John has been asking me for every weekend now that he got a hard copy of his orders. I said no of course because I'm not ok with him playing house with his girl friend, her kids and our kids. When we did our settlement meeting I wasn't ok with the number of days he was given because I felt and still feel that all those times he could have been home spending time with his children while he lived with them he was out doing something else. It doesn't matter if he was working some days or out at some girls house (which is becoming more and more of a possibility now that things are surfacing). I have a hard time believing that when we were married he had to work from 7am-10pm every day but now that we don't live together he gets off work by 4 most days! To me that just screams, taking time away from your family to be with someone else. And I don't necessarily mean a woman when I say someone else!

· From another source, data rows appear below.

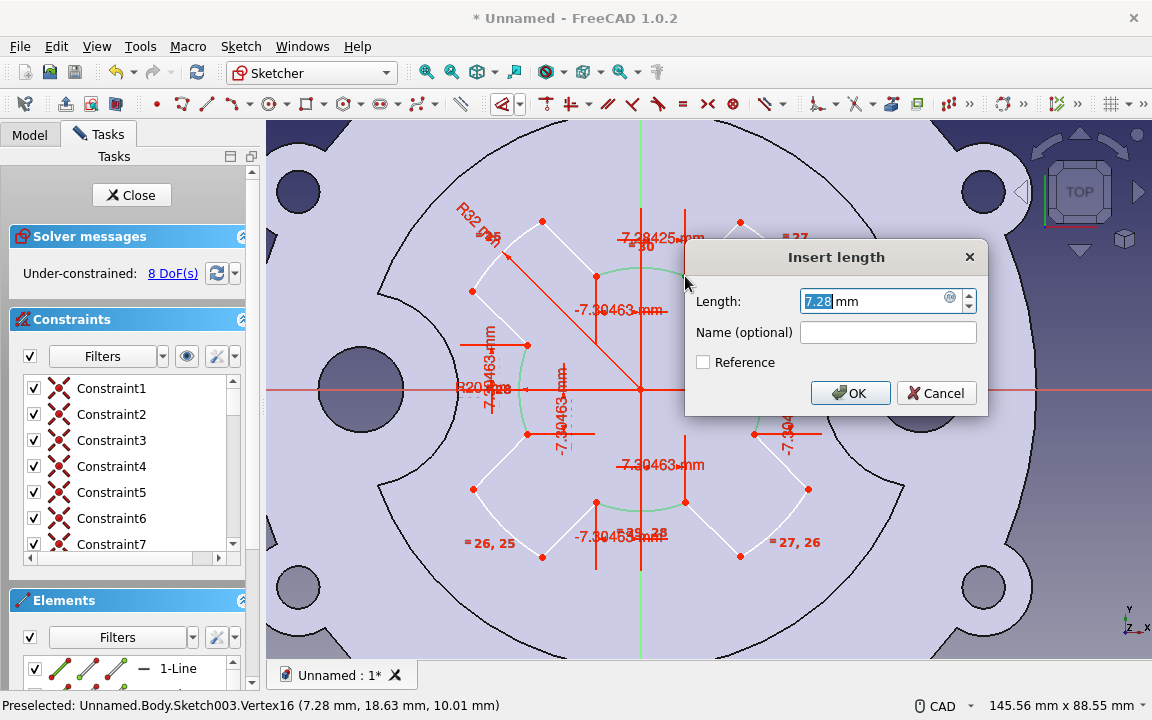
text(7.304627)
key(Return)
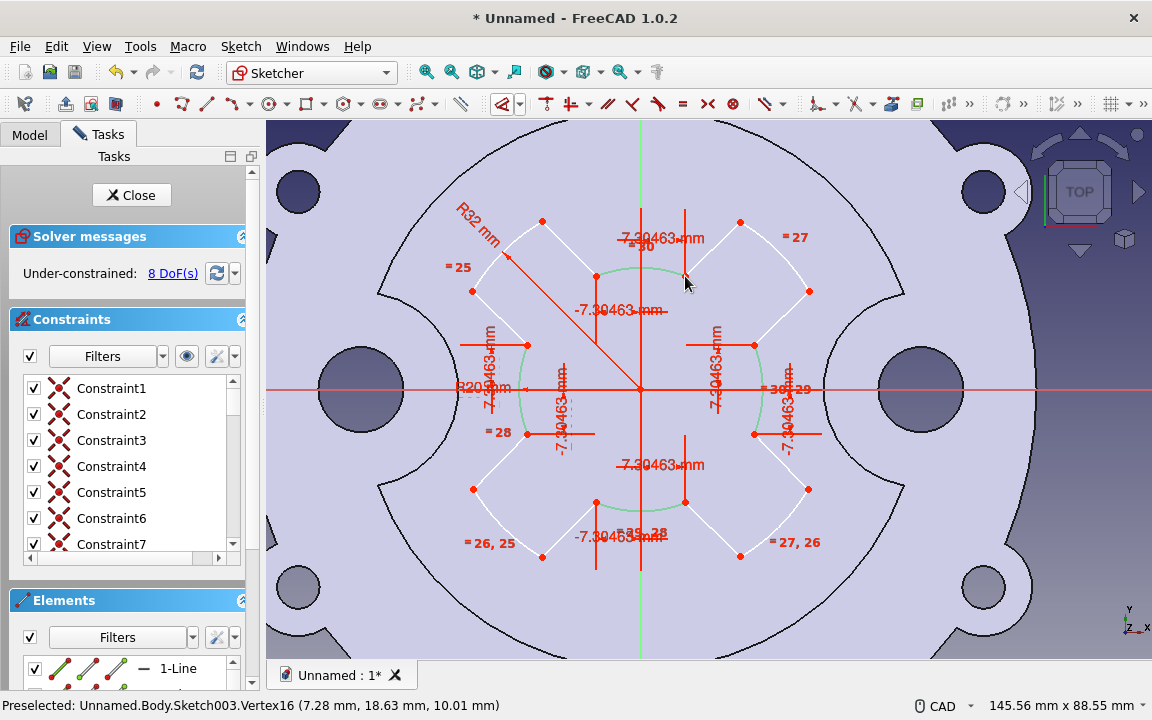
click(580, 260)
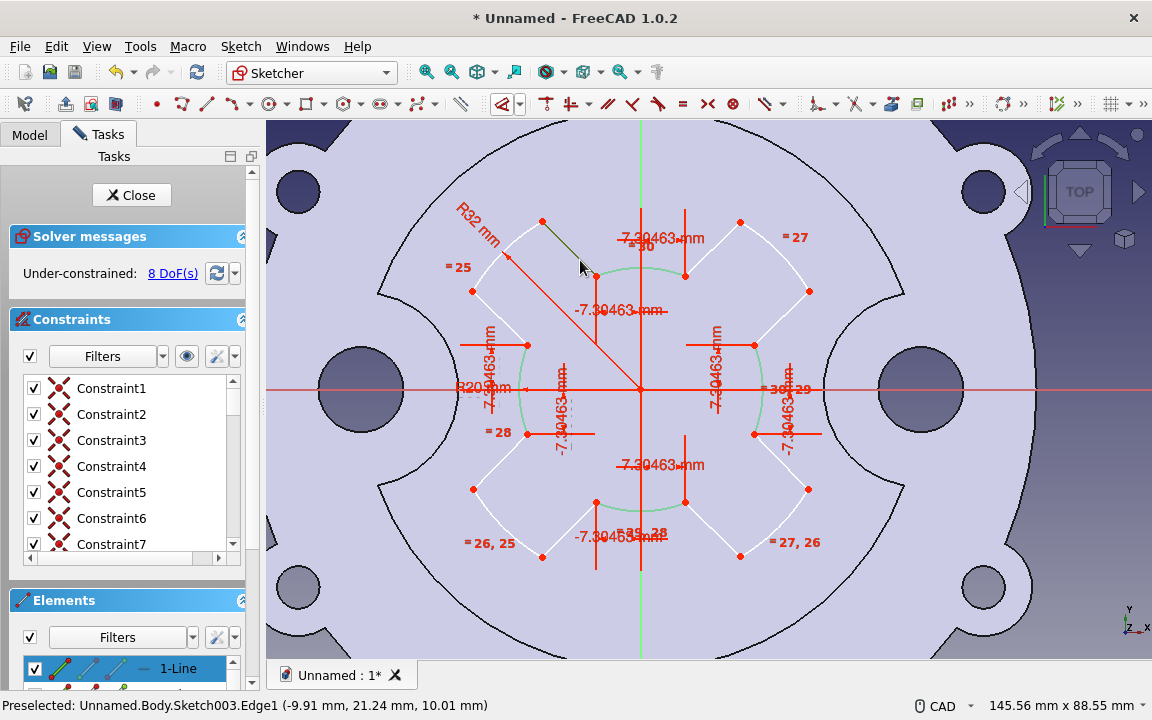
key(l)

On Monday I got a call from John informing me that he would be taking the kids for the next 11 days, thus giving him nearly 3 weeks out of this month. I knew it wasn't because he wanted to spend time with them but because he wanted to find a way to get as many weekends in a row as he could. I know this because if he wanted to be spending time with the kids he would be taking the two hours a week he requested in our settlement meeting instead of blowing us off every time I make an effort to give him the time with the kids. All of the heartache and hassle that is coming along with everything isn't worth it. And it makes me feel stupid that I got to this point in my life and never did anything about it when I first knew it wasn't right anymore.

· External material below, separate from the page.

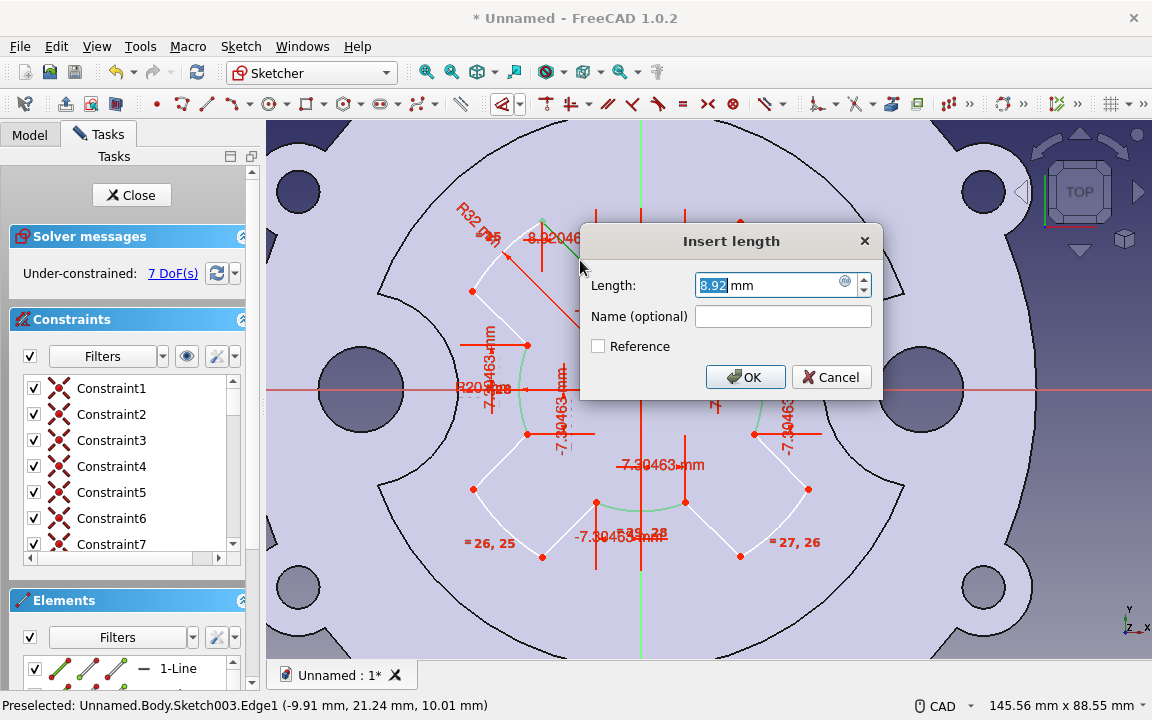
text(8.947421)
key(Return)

I feel so blessed to have had my two children, even if their other parent is less than ideal in my eyes. They are the only way I can justify everything I did throughout my relationship. That if I hadn't stayed I wouldn't have both my babies. And I couldn't live without either of them! I'm amazed every day at how they learn, grow and interact with not only each other but with everyone in their lives. My attorney once told me at the beginning of this that I had wonderful children. And once I had expressed to her that I wanted John to still be a major part of their lives she said again that I have wonderful children and that's because they have good parents. John had never really done much by way of parenting since our kids were born, he never helped much in the middle of the night, he never had even spent an entire day alone with one of them let alone both of them. And still to this day hasn't done such things. But that doesn't mean he isn't a decent parent......I'm not sure that my saying that is just to convince myself that I should think that or not. I know that at this point in our situation and in my life that he hasn't proven himself to be anything other than selfish. And that you can't be selfish and be a great parent! The unofficial description of a great parent is someone who sacrifices everything for the sake of their children. Someone who does the right thing for their kids first and thinks of themselves last. Someone who would find a way to move mountains even though they are solid parts of earth. Someone who teaches their children strength, endurance, good habits, good morals and helps their children find a way to be the best they can be at all times! Selfish doesn't fit into the description of a great parent because being a parent is a selfless act!